You also have the framework of synthetic differential geometry in which for a function $f$, a "real" $x$ and a $d$ such that $d^2=0$ (these are the infinitesimals of this framework - in this framework, this does not imply $d=0$ ! but you have to reason in a nonclassical logic, because you have to give up on the excluded middle), you have $f(x+d) = f(x) + f'(x) d$. So in this framework, the answer is "kind of yes, if you're willing to change $df$".

Without infinitesimals, it becomes harder to make sense of the question.

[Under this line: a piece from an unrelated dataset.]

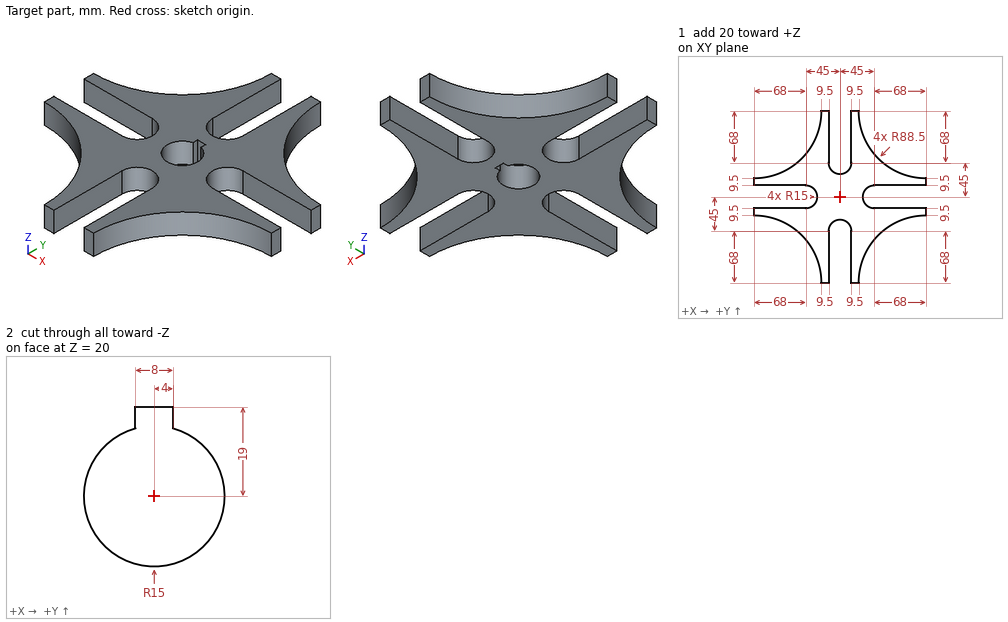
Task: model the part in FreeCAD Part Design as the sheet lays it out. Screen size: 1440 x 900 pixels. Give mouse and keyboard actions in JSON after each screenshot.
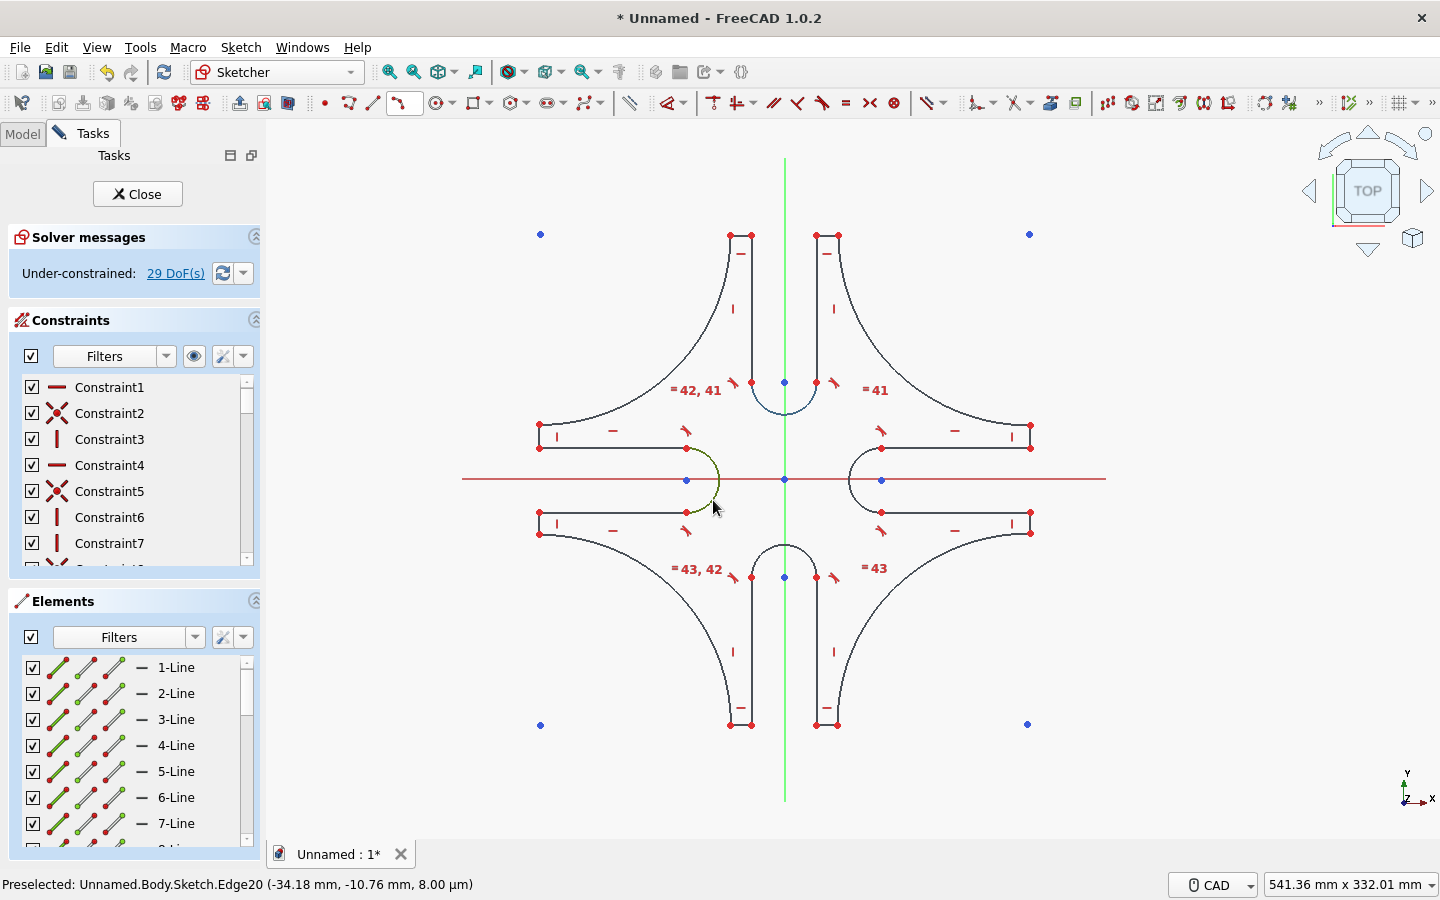
{"action": "left_click", "coordinate": [803, 551]}

Indeed, the context where $df$ is defined doesn't allow for things such as $x+dx$ : this is just differential geometry/calculus, and $df$ is just the differential of $f$. In differential calculs you have this (by definition) : $f(x+h) = f(x) + df_x(h) + o(h)$

Of course, the idea of using infinitesimals and writing things such as $f(x+dx) = f(x) + f'(x)dx$ (or $df$), although tricky to make rigourous, is a good one to get some rough idea of what things are and to have some intuition regarding some properties. It can even help in finding proofs of various results (although, if you don't explicitly choose a framework for infinitesimals and use it properly, it cannot be a proof)

Answer 2

Yes. It is true. Note that $${f(x+dx)-f(x)\over dx}=f'(x)={df\over dx}$$by multiplying the both sides in $dx\ne 0$ we obtain what we want.